Look below for the line containing "name;x;y;z;sx;sy;sz;roll;pitch;yaw"; from there through the line containing "In the image", both lines included, please set down each line exactly and nothing else.

============

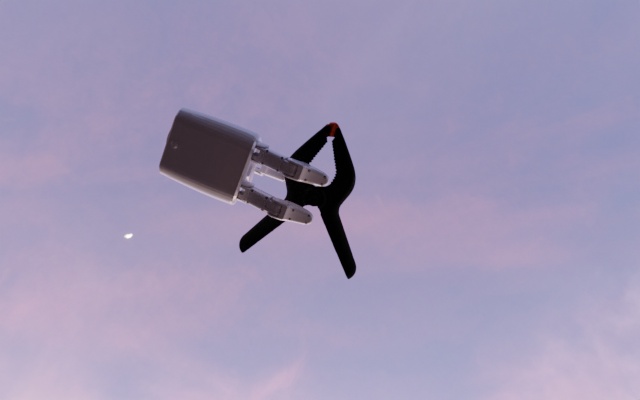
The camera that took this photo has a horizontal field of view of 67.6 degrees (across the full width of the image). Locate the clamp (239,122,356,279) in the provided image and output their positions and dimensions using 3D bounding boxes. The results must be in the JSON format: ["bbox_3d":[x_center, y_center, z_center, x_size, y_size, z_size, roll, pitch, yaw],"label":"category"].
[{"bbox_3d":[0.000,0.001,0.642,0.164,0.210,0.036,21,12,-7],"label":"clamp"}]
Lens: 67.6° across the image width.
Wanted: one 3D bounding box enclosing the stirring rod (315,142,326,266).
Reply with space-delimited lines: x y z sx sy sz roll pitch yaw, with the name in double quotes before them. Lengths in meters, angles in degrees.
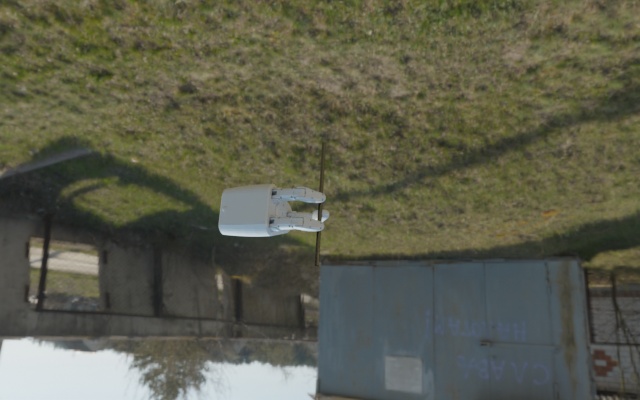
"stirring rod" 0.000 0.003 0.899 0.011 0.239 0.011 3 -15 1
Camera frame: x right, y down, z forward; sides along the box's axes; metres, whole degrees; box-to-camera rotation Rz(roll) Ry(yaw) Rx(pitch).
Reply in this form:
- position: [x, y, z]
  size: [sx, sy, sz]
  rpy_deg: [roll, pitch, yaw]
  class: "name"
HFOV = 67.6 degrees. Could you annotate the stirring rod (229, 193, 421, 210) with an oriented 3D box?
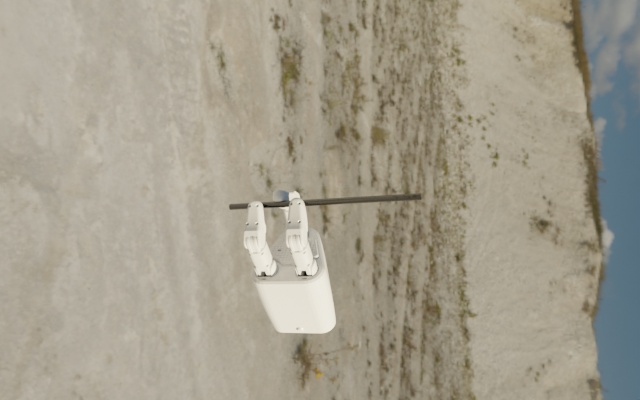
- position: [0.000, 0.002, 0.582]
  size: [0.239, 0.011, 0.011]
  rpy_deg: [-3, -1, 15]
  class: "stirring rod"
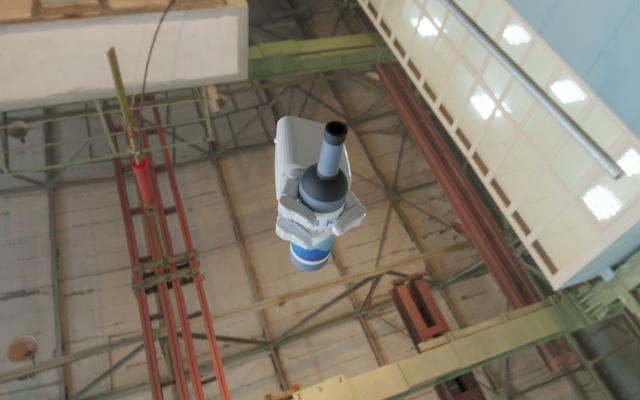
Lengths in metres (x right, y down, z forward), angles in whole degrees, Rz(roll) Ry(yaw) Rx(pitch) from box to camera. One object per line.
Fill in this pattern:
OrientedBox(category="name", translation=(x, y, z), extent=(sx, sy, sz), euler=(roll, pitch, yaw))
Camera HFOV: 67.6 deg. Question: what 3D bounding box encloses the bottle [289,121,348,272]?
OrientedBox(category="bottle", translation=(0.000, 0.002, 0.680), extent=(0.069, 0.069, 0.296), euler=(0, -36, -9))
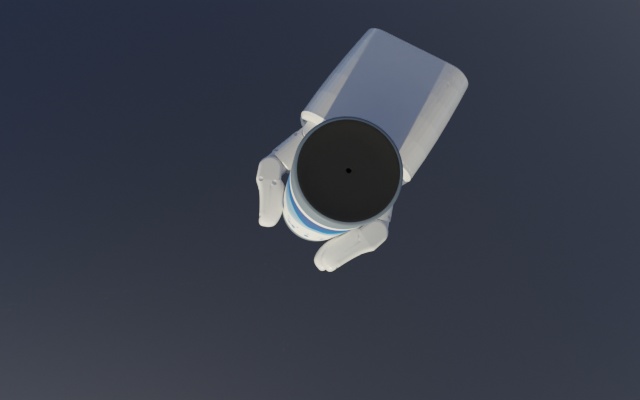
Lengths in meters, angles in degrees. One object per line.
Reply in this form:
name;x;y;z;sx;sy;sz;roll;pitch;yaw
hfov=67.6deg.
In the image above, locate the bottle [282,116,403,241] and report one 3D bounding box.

============

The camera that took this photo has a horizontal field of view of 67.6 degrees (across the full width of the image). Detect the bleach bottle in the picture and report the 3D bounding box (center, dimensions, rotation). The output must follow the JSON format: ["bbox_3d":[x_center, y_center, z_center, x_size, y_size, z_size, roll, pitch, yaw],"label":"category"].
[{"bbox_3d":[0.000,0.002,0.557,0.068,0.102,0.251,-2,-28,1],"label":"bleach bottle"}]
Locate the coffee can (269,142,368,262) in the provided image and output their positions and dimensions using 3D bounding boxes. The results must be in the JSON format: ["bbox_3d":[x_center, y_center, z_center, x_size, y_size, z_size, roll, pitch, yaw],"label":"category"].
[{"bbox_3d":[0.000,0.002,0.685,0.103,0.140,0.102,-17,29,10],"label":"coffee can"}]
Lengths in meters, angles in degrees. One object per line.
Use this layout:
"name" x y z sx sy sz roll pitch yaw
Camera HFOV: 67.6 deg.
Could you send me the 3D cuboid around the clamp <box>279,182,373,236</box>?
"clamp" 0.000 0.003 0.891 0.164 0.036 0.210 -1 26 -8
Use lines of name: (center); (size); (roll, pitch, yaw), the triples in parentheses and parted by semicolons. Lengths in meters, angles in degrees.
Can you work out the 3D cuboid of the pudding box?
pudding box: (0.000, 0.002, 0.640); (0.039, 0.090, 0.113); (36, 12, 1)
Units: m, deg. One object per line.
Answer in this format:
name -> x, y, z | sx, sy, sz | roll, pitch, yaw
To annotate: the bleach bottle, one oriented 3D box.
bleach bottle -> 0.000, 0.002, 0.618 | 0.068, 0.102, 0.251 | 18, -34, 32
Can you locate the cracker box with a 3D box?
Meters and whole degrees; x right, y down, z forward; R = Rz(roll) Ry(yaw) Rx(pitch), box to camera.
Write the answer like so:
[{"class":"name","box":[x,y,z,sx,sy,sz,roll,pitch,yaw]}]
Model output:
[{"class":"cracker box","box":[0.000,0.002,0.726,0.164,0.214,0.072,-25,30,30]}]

============

**Task answer**
name;x;y;z;sx;sy;sz;roll;pitch;yaw
hfov=67.6deg.
In the image above, locate the bottle [282,116,403,241] and report one 3D bounding box.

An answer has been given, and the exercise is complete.